Kalp Hastaları İftardan Sonra Ardı Ardına Sigara ve Kahve İçmemeli
Ramazan ayının yaz mevsimine denk gelmesi, artan sıcaklık, uzun süren açlık, iftar sonrası ardı ardına sigara ve kahve içmek, hızlı yemek yemek, sahura kalkmamak gibi sağlıklı kişileri bile olumsuz etkileyen bu hatalı alışkanlıklar, kalp hastalarında çok ciddi tablolara yol açabilir.

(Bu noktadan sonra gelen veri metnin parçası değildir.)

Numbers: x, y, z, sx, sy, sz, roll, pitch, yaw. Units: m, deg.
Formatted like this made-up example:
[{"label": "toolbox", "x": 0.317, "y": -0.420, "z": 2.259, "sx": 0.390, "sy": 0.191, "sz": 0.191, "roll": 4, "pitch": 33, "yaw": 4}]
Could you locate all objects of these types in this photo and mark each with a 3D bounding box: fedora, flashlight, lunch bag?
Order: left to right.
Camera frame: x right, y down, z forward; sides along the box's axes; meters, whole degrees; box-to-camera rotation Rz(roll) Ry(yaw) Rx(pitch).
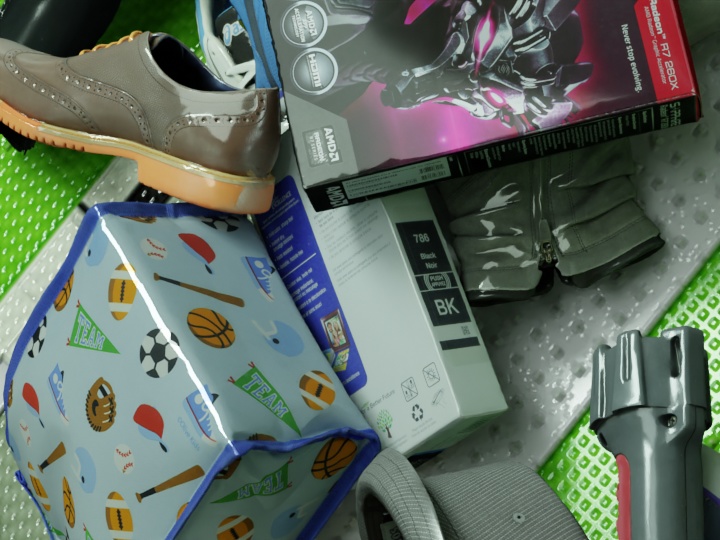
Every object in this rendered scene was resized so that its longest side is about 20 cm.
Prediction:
[{"label": "lunch bag", "x": -0.100, "y": 0.090, "z": 1.515, "sx": 0.200, "sy": 0.123, "sz": 0.170, "roll": -56, "pitch": 51, "yaw": 34}, {"label": "fedora", "x": 0.069, "y": 0.168, "z": 1.385, "sx": 0.090, "sy": 0.177, "sz": 0.201, "roll": -17, "pitch": 55, "yaw": -11}, {"label": "flashlight", "x": 0.126, "y": 0.130, "z": 1.323, "sx": 0.067, "sy": 0.068, "sz": 0.201, "roll": -3, "pitch": 66, "yaw": 8}]

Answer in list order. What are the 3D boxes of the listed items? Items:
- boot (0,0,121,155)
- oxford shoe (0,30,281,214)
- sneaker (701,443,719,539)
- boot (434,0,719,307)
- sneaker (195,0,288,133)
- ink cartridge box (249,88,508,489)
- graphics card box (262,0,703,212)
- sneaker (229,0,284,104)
[{"label": "boot", "x": -0.156, "y": -0.153, "z": 1.630, "sx": 0.163, "sy": 0.073, "sz": 0.198, "roll": -56, "pitch": 10, "yaw": -13}, {"label": "oxford shoe", "x": -0.122, "y": -0.094, "z": 1.531, "sx": 0.199, "sy": 0.071, "sz": 0.073, "roll": 21, "pitch": 107, "yaw": 24}, {"label": "sneaker", "x": 0.167, "y": 0.184, "z": 1.345, "sx": 0.147, "sy": 0.081, "sz": 0.200, "roll": -47, "pitch": 60, "yaw": 0}, {"label": "boot", "x": 0.125, "y": -0.064, "z": 1.493, "sx": 0.199, "sy": 0.068, "sz": 0.131, "roll": -23, "pitch": 80, "yaw": 2}, {"label": "sneaker", "x": -0.047, "y": -0.099, "z": 1.598, "sx": 0.072, "sy": 0.072, "sz": 0.201, "roll": -30, "pitch": 59, "yaw": 14}, {"label": "ink cartridge box", "x": 0.000, "y": 0.000, "z": 1.497, "sx": 0.099, "sy": 0.039, "sz": 0.201, "roll": -35, "pitch": 71, "yaw": 45}, {"label": "graphics card box", "x": 0.057, "y": -0.113, "z": 1.446, "sx": 0.199, "sy": 0.051, "sz": 0.126, "roll": -13, "pitch": 76, "yaw": 5}, {"label": "sneaker", "x": -0.047, "y": -0.176, "z": 1.556, "sx": 0.078, "sy": 0.066, "sz": 0.201, "roll": -31, "pitch": 58, "yaw": 34}]

Kalp hastalarının ramazan ayında oruç tutarken nelere dikkat etmesi gerektiği ile ilgili açıklama yapan Acıbadem Kayseri Hastanesi Kardiyoloji Uzmanı Prof.Dr.Ergün Seyfeli şunları söyledi:” Koroner arter hastalığı bilinen veya kalp krizi geçiren hastaların şayet herhangi bir şikayeti yoksa, ilaçlarını düzenli kullanıyor ve yapılan kalp muayenesinde bir problem tespit edilmediyse oruç tutmalarında sakınca yoktur.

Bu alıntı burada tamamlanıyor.